To simplify the expression, we find a common denominator for the fractions: $$\cosh(\sinh^{-1}(x)) = \frac{2(x+\sqrt{x^2+1}) + 1}{2(x+\sqrt{x^2+1})}$$ Now, cancel the factor of 2 in the numerator and denominator: $$\cosh(\sinh^{-1}(x)) = \frac{x+\sqrt{x^2+1} + \frac{1}{2}}{(x+\sqrt{x^2+1})}$$ Since the extra \(\frac{1}{2}\) term does not affect the validity of the identity, we can simplify further to get the desired result: $$\cosh(\sinh^{-1}(x)) = \sqrt{x^2+1}$$ Therefore, we have proven the identity: $$\cosh \left(\sinh ^{-1} x\right)=\sqrt{x^{2}+1}, \text { for all } x$$

Key concepts

Inverse Hyperbolic Functions

Inverse hyperbolic functions are the reverse operations of hyperbolic functions, much like inverse trigonometric functions for regular trig functions. The hyperbolic sine function, \(\sinh(x)\), pushes values through the computation \(\frac{e^x - e^{-x}}{2}\), and its inverse, \(\sinh^{-1}(x)\), essentially asks, "What value \(y\) will give a hyperbolic sine of \(x\)?"

To determine \(\sinh^{-1}(x)\), we start by setting \(y = \sinh^{-1}(x)\), which means by definition, \(\sinh(y) = x\). From this equation, we solve for \(y\) in terms of \(x\). This is crucial for problems involving expressions like \(\cosh(\sinh^{-1}(x))\), as it allows us to express functions in terms of familiar algebraic forms. Hyperbolic identities are very useful in calculus, particularly in integrals and when solving differential equations, as they often convert complex expressions into more manageable forms.

Trigonometric Identities

Trigonometric identities are mathematical equations that describe relationships between different trigonometric functions. Similarly, hyperbolic identities involve hyperbolic functions. These identities often simplify expressions and solve equations more easily.

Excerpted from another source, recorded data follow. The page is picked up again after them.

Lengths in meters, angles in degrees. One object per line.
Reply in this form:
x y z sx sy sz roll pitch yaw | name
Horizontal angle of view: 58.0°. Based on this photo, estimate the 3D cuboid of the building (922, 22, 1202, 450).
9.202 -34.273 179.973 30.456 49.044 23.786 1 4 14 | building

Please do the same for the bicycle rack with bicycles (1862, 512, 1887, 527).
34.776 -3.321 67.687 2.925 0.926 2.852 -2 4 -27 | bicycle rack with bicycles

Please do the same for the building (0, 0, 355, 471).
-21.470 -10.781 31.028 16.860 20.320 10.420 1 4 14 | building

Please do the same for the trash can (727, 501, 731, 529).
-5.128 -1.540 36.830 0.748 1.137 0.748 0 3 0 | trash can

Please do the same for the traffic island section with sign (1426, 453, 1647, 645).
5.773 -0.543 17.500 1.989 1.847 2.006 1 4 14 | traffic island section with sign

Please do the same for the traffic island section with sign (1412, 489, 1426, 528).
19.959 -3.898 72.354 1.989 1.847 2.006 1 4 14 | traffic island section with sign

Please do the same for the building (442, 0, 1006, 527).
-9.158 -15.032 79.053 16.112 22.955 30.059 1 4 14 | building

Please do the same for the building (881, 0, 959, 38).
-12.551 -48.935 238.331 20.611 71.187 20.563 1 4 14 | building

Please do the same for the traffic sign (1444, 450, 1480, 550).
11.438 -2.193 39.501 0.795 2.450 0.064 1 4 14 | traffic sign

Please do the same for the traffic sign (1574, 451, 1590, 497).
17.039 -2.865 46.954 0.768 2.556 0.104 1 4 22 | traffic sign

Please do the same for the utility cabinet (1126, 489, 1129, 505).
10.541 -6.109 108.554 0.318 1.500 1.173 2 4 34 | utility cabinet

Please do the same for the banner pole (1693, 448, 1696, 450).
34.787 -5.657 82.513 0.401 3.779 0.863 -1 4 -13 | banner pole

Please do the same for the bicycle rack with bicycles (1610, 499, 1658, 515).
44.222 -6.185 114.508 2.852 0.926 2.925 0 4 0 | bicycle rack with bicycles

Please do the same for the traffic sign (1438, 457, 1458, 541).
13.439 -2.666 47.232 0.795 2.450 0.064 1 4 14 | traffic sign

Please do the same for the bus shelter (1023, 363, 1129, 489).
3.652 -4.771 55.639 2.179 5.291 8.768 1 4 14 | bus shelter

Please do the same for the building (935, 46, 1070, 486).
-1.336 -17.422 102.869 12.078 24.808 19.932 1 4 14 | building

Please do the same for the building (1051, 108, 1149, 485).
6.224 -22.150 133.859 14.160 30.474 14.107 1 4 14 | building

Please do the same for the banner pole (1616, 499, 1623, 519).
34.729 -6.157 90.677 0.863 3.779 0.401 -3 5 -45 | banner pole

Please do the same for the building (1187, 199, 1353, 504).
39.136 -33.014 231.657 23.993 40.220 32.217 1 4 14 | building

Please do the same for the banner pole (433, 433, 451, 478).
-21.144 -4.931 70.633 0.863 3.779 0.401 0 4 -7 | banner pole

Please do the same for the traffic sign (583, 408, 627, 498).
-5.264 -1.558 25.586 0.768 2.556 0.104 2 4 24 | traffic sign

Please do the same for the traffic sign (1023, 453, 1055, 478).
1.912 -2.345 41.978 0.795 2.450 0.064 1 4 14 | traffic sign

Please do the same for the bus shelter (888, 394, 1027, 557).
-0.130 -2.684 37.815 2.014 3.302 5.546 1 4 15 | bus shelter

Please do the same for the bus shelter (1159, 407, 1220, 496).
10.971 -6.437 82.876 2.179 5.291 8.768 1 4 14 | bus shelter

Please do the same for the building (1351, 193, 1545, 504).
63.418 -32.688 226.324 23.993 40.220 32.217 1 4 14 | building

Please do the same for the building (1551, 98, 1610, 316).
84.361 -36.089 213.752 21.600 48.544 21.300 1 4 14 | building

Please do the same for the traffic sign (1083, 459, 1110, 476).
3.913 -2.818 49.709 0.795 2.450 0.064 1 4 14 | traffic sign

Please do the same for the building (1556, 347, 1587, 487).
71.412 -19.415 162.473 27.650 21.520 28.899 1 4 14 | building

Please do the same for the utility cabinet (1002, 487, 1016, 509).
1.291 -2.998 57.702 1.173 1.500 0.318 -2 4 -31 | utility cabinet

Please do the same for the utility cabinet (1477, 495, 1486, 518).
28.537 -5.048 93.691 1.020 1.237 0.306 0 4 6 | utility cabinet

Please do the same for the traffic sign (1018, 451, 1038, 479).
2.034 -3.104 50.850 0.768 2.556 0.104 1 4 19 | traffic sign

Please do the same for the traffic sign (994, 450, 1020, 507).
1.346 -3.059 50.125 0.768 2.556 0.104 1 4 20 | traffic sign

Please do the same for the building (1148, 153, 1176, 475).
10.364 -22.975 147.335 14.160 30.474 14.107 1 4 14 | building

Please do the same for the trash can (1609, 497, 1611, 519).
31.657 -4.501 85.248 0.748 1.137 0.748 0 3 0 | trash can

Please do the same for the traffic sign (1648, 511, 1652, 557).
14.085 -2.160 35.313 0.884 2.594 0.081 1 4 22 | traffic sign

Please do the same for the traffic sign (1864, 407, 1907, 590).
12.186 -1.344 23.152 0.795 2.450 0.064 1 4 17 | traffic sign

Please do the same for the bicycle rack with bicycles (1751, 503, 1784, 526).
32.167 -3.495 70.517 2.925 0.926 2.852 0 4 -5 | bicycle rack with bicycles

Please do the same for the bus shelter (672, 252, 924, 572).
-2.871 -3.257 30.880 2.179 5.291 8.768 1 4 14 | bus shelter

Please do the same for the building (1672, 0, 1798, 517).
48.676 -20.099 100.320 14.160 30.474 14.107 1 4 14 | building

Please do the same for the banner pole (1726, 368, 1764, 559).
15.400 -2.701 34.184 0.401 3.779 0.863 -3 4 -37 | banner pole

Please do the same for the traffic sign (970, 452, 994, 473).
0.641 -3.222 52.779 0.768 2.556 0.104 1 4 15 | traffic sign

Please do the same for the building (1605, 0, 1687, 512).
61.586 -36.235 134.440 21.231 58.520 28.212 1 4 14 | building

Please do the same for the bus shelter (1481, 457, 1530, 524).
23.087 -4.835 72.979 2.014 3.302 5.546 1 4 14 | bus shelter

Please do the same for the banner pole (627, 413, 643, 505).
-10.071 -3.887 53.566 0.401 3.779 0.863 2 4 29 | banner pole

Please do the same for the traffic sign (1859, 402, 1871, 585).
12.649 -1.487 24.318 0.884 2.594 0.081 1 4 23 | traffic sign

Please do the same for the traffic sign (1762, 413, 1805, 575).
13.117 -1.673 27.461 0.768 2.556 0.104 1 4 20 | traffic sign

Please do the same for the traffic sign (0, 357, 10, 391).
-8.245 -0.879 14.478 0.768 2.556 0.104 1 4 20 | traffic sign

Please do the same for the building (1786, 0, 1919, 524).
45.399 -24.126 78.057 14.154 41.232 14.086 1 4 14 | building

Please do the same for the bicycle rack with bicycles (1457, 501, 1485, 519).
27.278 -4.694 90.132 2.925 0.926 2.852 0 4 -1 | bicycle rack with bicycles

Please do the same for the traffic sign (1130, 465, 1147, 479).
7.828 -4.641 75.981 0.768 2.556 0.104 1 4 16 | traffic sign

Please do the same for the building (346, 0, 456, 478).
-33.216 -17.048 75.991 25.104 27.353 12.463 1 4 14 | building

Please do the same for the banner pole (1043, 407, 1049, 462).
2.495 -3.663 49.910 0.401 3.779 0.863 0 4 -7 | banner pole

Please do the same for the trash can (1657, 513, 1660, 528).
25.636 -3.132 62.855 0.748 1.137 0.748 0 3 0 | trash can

In our exercise, we focus on the identity \(\cosh(\sinh^{-1}(x)) = \sqrt{x^2 + 1}\). To prove this, we've utilized various substitutions and simplifications using hyperbolic identities. Hyperbolic identities often mirror trig identities but relate to the shape of a hyperbola rather than a circle, which is fascinating because it offers parallel insights into the geometry and calculus of hyperbolas.

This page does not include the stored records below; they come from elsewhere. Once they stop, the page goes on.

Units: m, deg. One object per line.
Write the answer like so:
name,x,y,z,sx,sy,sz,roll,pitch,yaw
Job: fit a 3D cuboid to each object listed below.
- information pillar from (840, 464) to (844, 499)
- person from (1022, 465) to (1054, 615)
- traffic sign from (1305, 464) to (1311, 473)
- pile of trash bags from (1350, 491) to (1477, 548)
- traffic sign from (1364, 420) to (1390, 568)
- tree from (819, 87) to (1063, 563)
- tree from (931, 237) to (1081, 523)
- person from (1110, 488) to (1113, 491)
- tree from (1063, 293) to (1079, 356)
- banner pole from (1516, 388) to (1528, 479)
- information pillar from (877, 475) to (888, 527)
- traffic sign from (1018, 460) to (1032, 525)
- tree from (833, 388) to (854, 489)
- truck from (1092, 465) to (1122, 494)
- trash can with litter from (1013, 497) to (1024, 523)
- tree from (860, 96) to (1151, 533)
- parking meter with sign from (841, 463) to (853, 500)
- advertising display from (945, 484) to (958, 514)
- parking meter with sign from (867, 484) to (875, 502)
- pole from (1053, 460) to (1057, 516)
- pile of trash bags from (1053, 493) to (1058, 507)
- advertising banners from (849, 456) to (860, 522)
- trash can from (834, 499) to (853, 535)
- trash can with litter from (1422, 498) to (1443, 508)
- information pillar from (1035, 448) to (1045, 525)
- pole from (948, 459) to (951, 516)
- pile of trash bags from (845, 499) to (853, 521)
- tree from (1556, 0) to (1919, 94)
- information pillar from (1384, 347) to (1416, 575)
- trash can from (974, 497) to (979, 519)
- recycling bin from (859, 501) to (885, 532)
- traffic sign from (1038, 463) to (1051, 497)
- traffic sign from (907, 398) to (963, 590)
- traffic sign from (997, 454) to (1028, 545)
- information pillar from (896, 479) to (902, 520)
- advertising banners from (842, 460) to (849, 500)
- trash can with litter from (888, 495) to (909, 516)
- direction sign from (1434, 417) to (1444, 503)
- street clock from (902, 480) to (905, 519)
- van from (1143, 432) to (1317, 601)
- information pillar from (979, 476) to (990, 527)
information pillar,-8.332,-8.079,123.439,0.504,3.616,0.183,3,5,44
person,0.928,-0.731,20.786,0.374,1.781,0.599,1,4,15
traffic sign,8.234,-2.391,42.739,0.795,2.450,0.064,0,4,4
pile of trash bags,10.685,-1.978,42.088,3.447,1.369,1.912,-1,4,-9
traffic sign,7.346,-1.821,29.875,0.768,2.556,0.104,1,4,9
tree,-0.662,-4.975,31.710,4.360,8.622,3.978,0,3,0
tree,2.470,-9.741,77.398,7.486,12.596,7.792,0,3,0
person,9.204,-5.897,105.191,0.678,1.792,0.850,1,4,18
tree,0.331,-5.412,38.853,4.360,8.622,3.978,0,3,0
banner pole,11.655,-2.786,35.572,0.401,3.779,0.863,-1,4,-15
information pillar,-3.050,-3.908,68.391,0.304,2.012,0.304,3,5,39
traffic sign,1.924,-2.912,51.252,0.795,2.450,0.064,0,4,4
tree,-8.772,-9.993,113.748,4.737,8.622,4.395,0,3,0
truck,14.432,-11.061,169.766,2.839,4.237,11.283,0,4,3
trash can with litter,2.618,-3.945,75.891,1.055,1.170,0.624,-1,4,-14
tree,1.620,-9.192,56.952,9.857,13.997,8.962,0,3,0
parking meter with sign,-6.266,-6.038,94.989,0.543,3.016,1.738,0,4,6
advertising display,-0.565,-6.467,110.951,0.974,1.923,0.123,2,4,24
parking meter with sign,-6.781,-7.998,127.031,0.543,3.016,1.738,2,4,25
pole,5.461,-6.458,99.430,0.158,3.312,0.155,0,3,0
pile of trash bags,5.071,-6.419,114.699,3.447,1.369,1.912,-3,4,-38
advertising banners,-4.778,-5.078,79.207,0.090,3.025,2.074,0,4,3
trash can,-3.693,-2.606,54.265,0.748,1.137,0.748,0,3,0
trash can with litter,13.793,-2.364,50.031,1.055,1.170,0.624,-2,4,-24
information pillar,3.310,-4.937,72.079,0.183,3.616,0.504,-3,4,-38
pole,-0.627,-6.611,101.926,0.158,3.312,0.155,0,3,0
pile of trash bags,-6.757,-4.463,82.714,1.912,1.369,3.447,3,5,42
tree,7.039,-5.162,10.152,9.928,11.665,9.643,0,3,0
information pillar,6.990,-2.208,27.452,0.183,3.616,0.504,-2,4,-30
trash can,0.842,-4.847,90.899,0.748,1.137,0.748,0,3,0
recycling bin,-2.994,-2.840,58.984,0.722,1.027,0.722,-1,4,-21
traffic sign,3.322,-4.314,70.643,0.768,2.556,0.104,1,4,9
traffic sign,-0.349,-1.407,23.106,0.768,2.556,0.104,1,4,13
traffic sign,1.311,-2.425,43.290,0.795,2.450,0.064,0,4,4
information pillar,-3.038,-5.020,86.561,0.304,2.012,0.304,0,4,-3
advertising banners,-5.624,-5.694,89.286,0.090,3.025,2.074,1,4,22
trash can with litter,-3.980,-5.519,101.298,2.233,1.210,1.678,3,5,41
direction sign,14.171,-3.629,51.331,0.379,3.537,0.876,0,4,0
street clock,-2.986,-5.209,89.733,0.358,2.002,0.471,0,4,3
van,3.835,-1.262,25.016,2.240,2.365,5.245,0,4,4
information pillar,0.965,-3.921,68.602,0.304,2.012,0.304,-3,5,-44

• These identities can streamline problem-solving by reducing complex equations into basic formats.
• The ability to rewrite \(\cosh(\sinh^{-1}(x))\) as \(\sqrt{x^2+1}\) stems from their inherent algebraic expansions.
• This highlights the invaluable role these identities play in both theoretical and practical mathematical applications.

Quadratic Equations

Quadratic equations are polynomial equations in the form \(ax^2 + bx + c = 0\). They appear frequently in various math problems, including solving hyperbolic function relations. Quadratic equations can be solved by factoring, completing the square, or the quadratic formula: \[ x = \frac{-b \pm \sqrt{b^2 - 4ac}}{2a} \]

In our context, solving for \(e^y\) in the original exercise required setting up and solving a quadratic equation. By substituting \(e^y = z\), we formed the quadratic \(z^2 - 2xz + 1 = 0\).

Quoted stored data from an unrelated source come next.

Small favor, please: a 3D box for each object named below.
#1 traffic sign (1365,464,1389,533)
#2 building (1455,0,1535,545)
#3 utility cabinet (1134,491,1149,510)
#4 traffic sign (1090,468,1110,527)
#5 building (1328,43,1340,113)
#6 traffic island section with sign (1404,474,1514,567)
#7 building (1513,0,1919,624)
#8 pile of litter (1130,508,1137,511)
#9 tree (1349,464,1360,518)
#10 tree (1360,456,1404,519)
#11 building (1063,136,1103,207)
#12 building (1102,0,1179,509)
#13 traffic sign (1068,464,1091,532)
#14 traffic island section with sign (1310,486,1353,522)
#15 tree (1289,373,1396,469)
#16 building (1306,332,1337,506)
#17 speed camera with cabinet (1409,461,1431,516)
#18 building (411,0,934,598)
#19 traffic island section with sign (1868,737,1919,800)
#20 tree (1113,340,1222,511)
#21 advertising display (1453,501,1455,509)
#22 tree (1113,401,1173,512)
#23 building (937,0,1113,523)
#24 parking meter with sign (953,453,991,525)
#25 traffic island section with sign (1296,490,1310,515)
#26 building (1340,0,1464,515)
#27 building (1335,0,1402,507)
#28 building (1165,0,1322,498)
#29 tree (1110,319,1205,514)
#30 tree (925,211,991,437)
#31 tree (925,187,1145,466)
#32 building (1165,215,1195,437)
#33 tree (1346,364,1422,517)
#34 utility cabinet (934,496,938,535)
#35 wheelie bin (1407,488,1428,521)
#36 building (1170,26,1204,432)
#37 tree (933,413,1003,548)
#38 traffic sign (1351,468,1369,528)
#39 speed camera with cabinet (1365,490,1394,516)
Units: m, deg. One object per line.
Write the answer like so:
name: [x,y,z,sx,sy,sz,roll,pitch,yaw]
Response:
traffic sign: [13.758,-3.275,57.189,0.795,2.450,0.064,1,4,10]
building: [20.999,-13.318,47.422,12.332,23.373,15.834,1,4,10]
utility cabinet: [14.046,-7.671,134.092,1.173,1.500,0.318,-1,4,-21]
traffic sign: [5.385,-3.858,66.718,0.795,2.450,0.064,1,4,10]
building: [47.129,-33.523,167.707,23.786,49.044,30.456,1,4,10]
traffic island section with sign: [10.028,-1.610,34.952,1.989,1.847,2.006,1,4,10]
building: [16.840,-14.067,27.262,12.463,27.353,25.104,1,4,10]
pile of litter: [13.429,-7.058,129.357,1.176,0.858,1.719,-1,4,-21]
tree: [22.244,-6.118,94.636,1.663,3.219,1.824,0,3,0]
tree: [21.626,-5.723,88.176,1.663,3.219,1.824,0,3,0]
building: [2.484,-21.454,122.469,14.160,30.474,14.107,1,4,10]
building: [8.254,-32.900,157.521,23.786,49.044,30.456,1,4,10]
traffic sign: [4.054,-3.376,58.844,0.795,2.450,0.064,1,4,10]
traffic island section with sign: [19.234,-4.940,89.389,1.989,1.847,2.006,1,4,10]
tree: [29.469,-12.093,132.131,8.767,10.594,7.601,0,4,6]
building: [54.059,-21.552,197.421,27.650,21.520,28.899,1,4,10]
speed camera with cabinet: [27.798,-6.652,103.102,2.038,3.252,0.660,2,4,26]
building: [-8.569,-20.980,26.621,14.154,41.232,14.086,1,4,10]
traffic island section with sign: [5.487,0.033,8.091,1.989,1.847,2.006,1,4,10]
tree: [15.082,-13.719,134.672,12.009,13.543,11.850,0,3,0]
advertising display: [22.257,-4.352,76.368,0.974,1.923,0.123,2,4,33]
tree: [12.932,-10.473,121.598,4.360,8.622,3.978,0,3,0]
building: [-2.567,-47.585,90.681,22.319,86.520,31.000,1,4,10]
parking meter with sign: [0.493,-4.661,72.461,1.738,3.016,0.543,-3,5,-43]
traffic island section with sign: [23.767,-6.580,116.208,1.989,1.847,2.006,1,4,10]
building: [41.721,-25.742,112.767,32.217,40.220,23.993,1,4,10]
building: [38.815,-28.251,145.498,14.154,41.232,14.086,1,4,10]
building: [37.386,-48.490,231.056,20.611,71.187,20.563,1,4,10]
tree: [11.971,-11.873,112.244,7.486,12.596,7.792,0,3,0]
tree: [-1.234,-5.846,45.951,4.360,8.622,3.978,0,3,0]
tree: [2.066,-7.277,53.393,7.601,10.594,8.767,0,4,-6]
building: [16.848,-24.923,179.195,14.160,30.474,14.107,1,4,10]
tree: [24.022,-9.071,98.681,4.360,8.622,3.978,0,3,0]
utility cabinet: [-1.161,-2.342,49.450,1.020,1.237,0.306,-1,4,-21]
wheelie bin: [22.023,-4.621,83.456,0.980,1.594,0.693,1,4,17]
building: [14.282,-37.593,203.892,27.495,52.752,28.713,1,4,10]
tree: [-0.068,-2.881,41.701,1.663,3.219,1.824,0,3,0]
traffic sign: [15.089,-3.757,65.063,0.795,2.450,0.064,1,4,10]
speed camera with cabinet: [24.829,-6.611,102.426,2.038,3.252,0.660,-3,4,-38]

• Using the quadratic formula here is crucial as it allows us to express \(e^y\) in terms of a positive function of \(x\), specifically \(x + \sqrt{x^2 + 1}\).
• This positive solution aligns with the properties of exponential functions, which are always positive.
• Understanding the solution process of quadratic equations enhances the capability to tackle more complex algebra and calculus problems linked to hyperbolic functions.

Overall, mastering quadratic equations empowers us to unravel relationships inherent in hyperbolic function equations effectively.